The pictures stay out. Please retype every line below exactly.

- **Data extract**:

====

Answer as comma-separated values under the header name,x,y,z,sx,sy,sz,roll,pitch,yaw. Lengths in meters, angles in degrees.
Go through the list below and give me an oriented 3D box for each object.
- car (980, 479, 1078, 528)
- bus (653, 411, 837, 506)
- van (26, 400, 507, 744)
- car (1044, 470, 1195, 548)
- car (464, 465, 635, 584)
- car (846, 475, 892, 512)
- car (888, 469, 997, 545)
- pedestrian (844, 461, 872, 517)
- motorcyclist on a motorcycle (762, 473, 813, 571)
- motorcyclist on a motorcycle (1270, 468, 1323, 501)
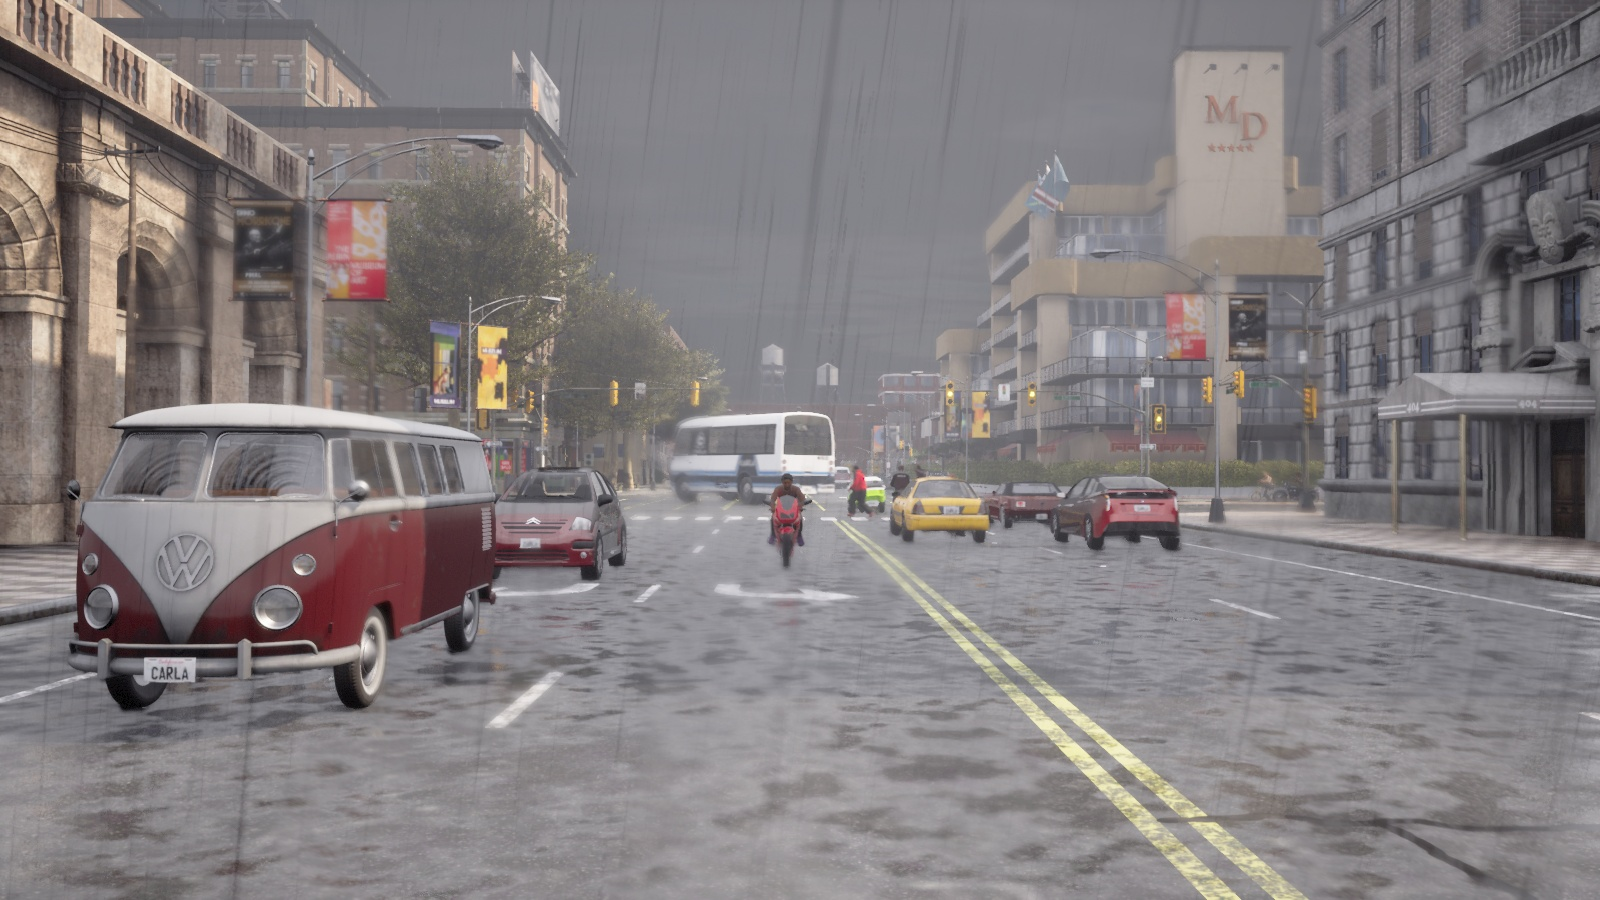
name,x,y,z,sx,sy,sz,roll,pitch,yaw
car,6.527,1.497,36.303,1.895,1.301,4.718,0,-1,-1
bus,-2.910,0.482,61.647,3.944,4.253,10.273,1,-2,-36
van,-3.607,0.741,9.502,1.775,1.987,4.442,0,-1,-1
car,6.706,1.185,26.897,2.007,1.525,4.514,0,-1,-1
car,-3.690,1.049,19.162,1.851,1.617,3.988,0,-1,-1
car,2.649,1.671,48.463,1.481,1.376,2.207,0,-1,-5
car,3.167,1.230,28.967,1.801,1.575,5.366,0,-1,-1
pedestrian,1.924,1.295,41.577,0.899,1.844,0.634,0,-1,6
motorcyclist on a motorcycle,-0.202,1.144,20.669,0.797,1.523,2.044,0,-1,-1
motorcyclist on a motorcycle,24.891,1.721,62.998,2.350,1.649,0.766,0,-1,-1

====

- **Result of the task**:
Answer as comma-separated values under the header name,x,y,z,sx,sy,sz,roll,pitch,yaw. Lengths in meters, angles in degrees.
Go through the list below and give me an oriented 3D box for each object.
- car (980, 479, 1078, 528)
- bus (653, 411, 837, 506)
- van (26, 400, 507, 744)
- car (1044, 470, 1195, 548)
- car (464, 465, 635, 584)
- car (846, 475, 892, 512)
- car (888, 469, 997, 545)
- pedestrian (844, 461, 872, 517)
- motorcyclist on a motorcycle (762, 473, 813, 571)
- motorcyclist on a motorcycle (1270, 468, 1323, 501)
name,x,y,z,sx,sy,sz,roll,pitch,yaw
car,6.527,1.497,36.303,1.895,1.301,4.718,0,-1,-1
bus,-2.910,0.482,61.647,3.944,4.253,10.273,1,-2,-36
van,-3.607,0.741,9.502,1.775,1.987,4.442,0,-1,-1
car,6.706,1.185,26.897,2.007,1.525,4.514,0,-1,-1
car,-3.690,1.049,19.162,1.851,1.617,3.988,0,-1,-1
car,2.649,1.671,48.463,1.481,1.376,2.207,0,-1,-5
car,3.167,1.230,28.967,1.801,1.575,5.366,0,-1,-1
pedestrian,1.924,1.295,41.577,0.899,1.844,0.634,0,-1,6
motorcyclist on a motorcycle,-0.202,1.144,20.669,0.797,1.523,2.044,0,-1,-1
motorcyclist on a motorcycle,24.891,1.721,62.998,2.350,1.649,0.766,0,-1,-1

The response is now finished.